### EXERCISE INSTRUCTIONS
Please output exactly the lines below, starting at the line that has "Directive: surround the" and ending at the line that has "- shoe [0,184,769,1421]", both included; leave out all pictures and include nothing else.

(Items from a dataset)
##########
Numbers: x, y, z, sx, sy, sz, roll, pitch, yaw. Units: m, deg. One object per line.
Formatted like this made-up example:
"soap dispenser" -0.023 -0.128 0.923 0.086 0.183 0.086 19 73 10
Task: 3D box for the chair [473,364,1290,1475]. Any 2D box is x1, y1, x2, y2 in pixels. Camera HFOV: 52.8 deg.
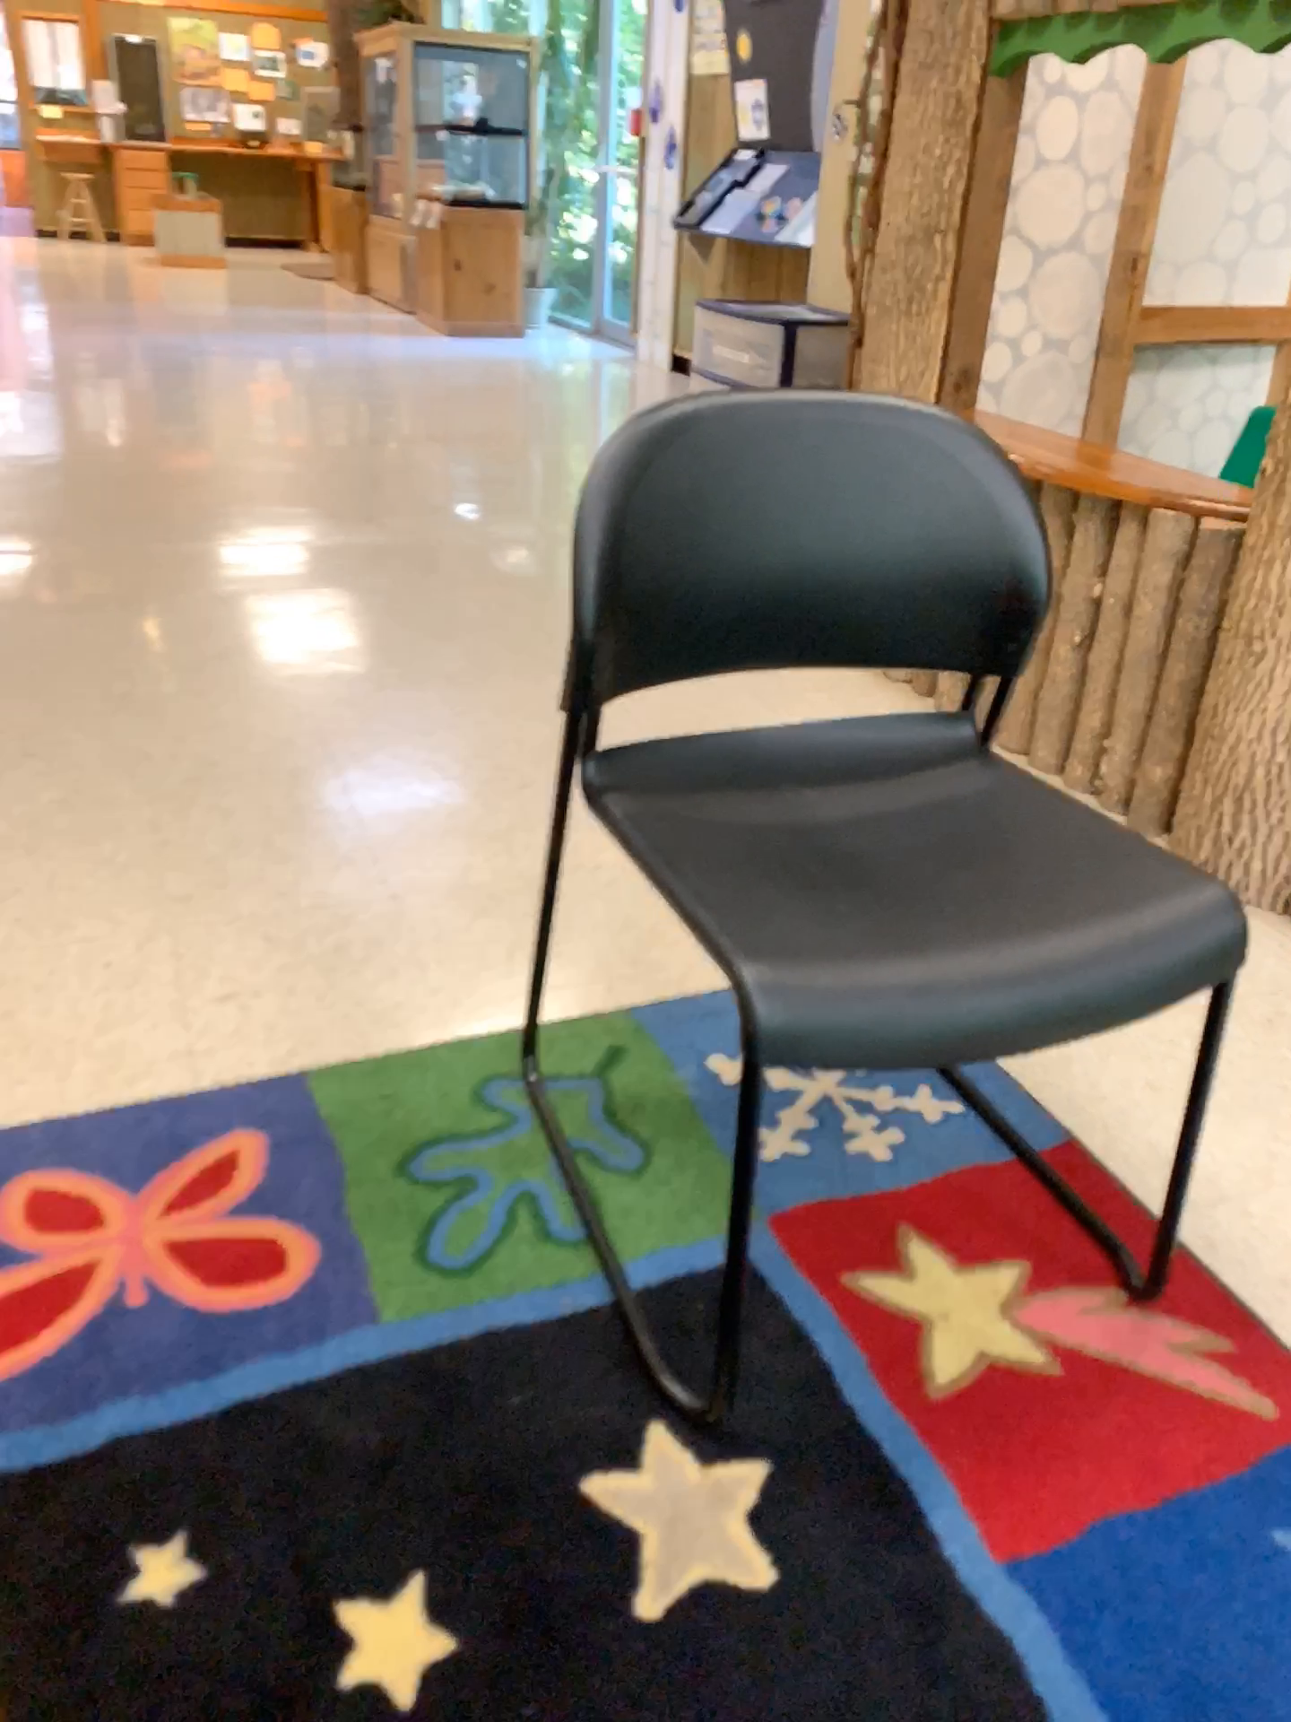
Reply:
"chair" 0.193 -0.006 1.204 0.570 0.785 0.533 -8 29 -22
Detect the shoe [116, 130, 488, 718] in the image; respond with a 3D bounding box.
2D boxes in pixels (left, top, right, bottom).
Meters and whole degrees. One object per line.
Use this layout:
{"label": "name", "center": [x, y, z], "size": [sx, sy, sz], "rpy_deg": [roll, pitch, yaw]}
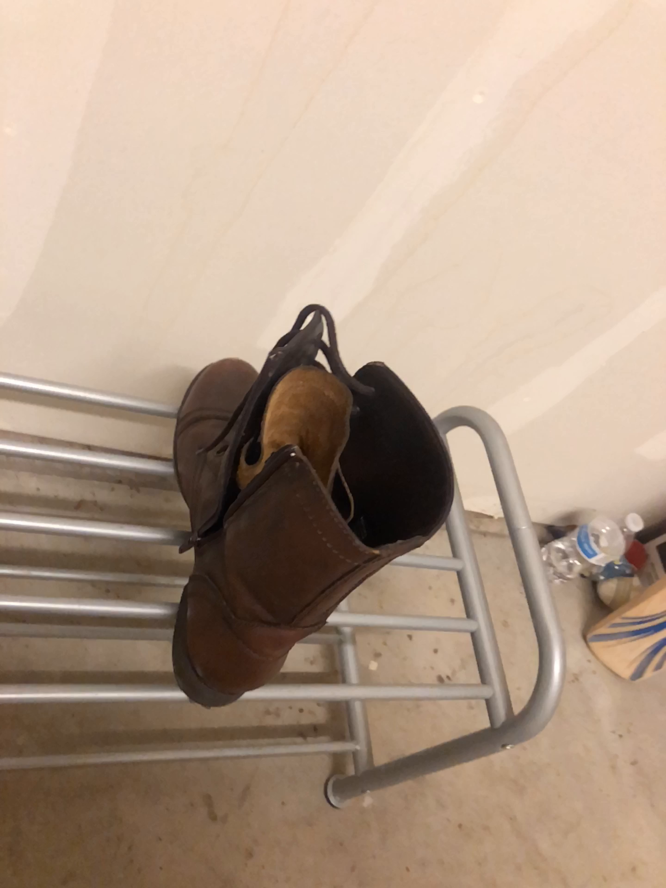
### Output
{"label": "shoe", "center": [-0.042, 0.001, 0.485], "size": [0.122, 0.238, 0.287], "rpy_deg": [11, 54, -23]}
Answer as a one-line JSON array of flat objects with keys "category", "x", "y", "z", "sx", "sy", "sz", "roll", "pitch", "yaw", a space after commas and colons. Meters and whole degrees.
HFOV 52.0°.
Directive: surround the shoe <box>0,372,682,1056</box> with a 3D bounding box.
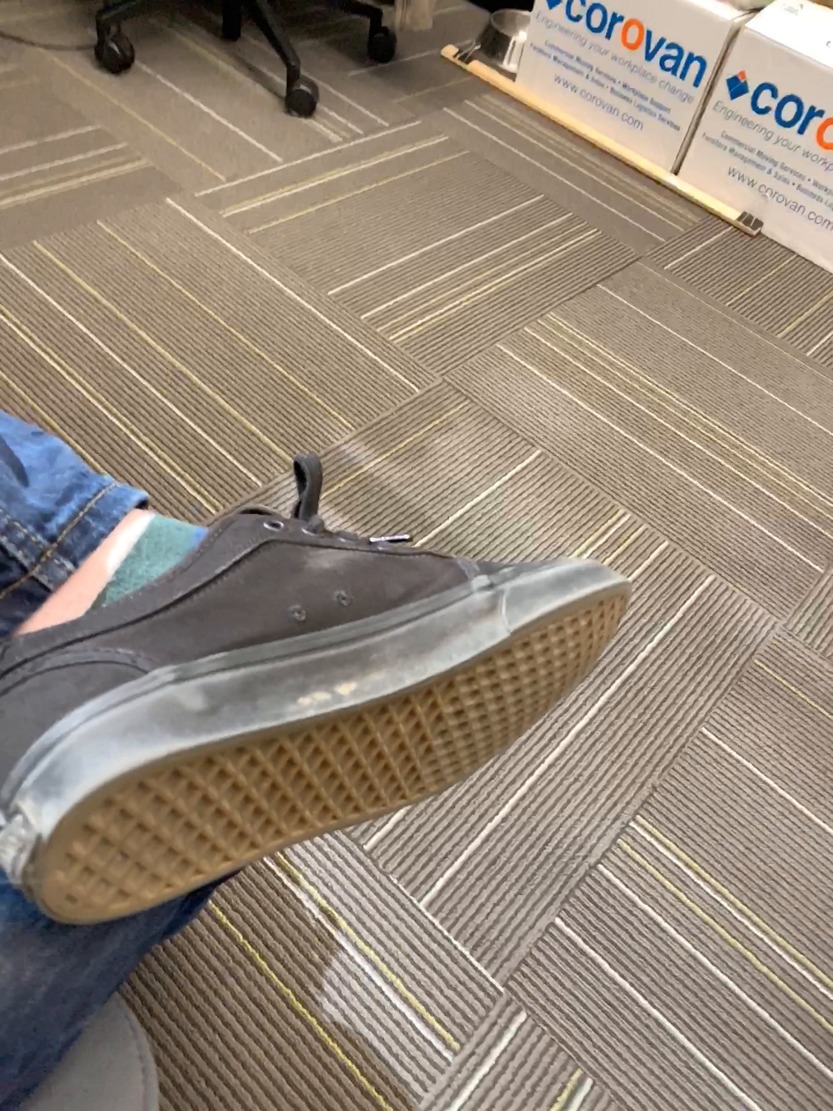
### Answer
[{"category": "shoe", "x": -0.045, "y": 0.042, "z": 0.352, "sx": 0.260, "sy": 0.119, "sz": 0.135, "roll": -24, "pitch": 52, "yaw": -29}]
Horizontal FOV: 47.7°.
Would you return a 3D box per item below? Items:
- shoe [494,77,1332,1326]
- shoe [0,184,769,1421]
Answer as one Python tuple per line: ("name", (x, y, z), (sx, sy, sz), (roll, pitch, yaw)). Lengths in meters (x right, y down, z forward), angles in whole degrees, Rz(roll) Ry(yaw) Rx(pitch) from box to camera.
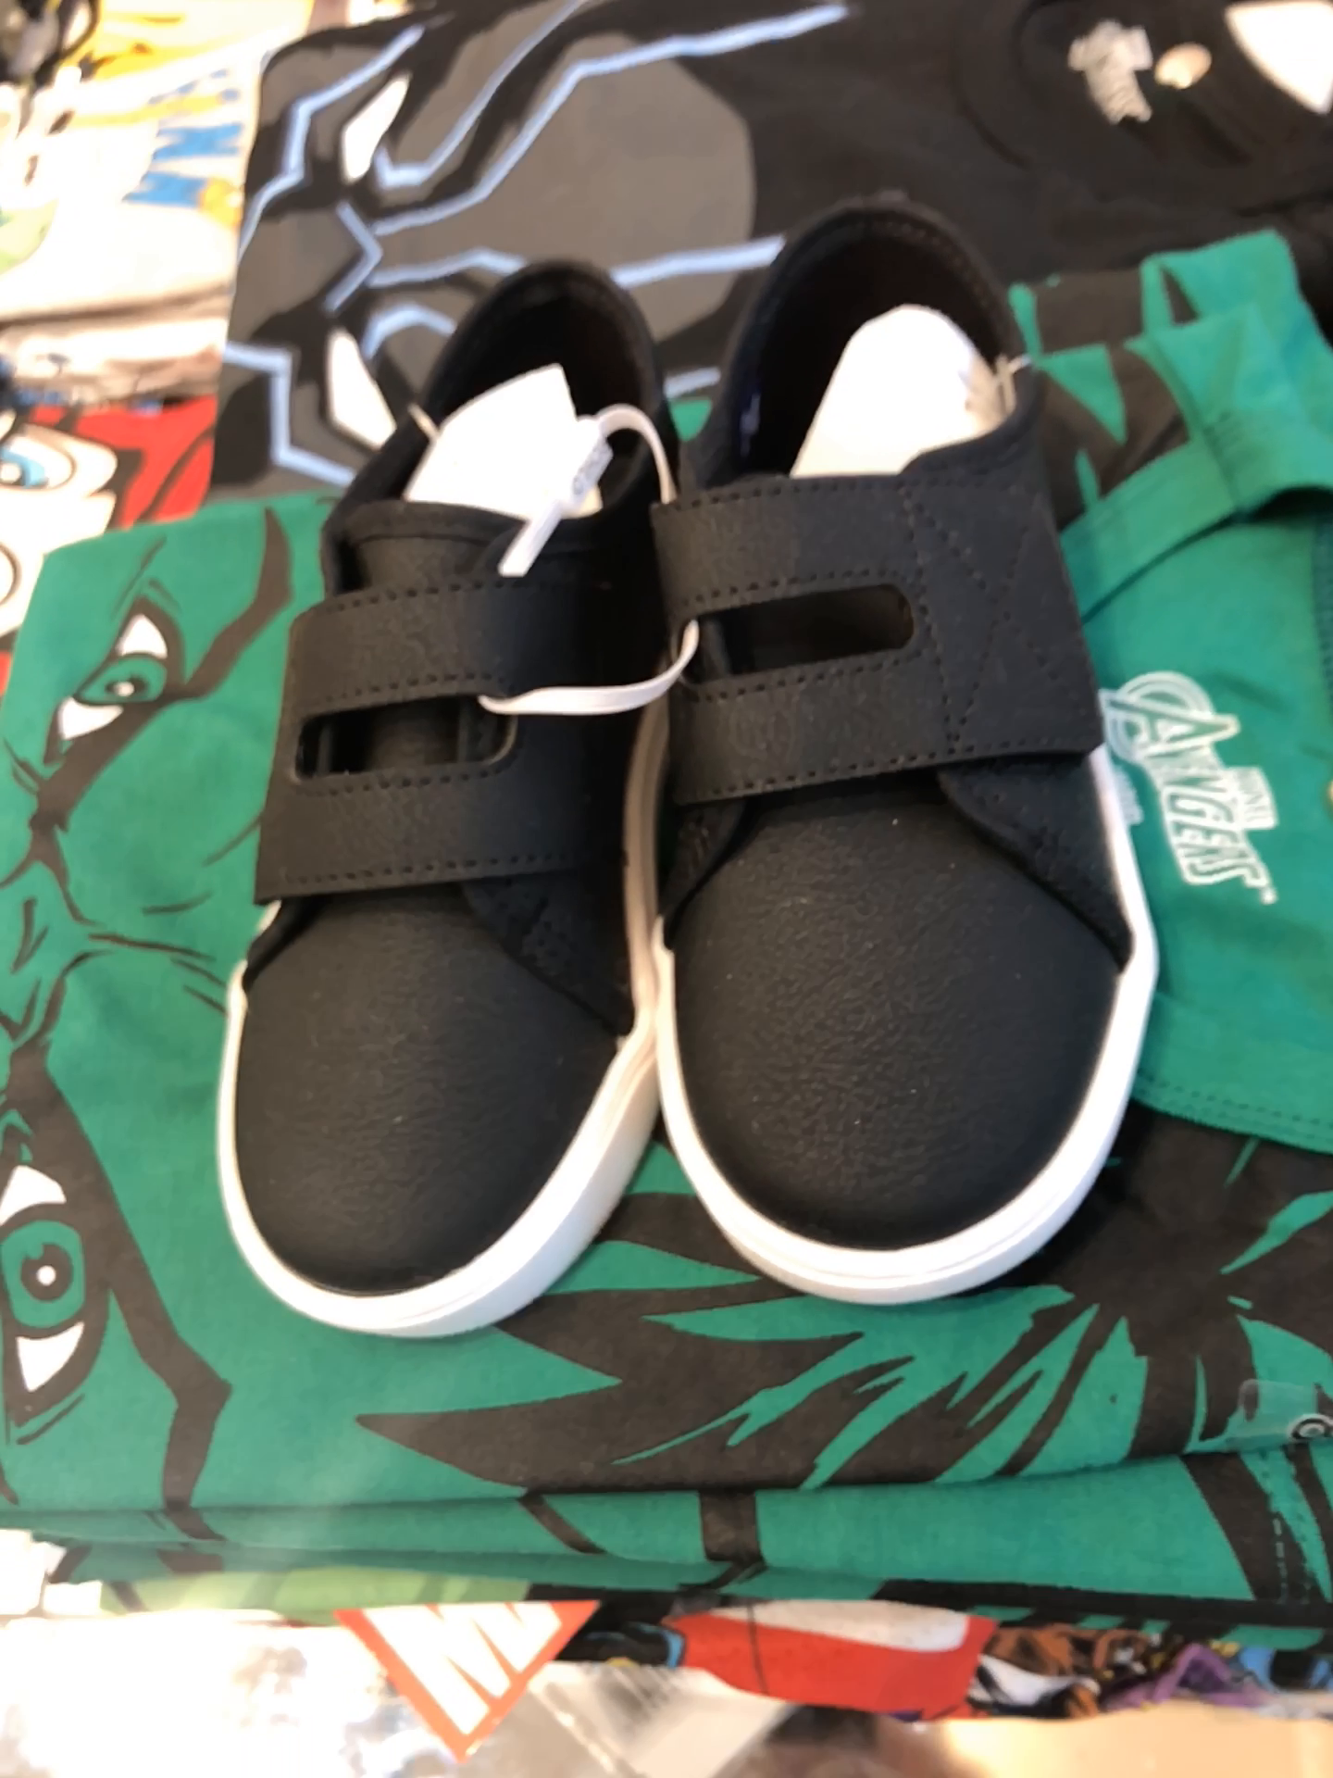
##########
### WRITTEN REPLY
Directive: surround the shoe <box>0,372,682,1056</box> with a 3D bounding box.
### Answer
[{"category": "shoe", "x": -0.045, "y": 0.042, "z": 0.352, "sx": 0.260, "sy": 0.119, "sz": 0.135, "roll": -24, "pitch": 52, "yaw": -29}]
Horizontal FOV: 47.7°.
Would you return a 3D box per item below? Items:
- shoe [494,77,1332,1326]
- shoe [0,184,769,1421]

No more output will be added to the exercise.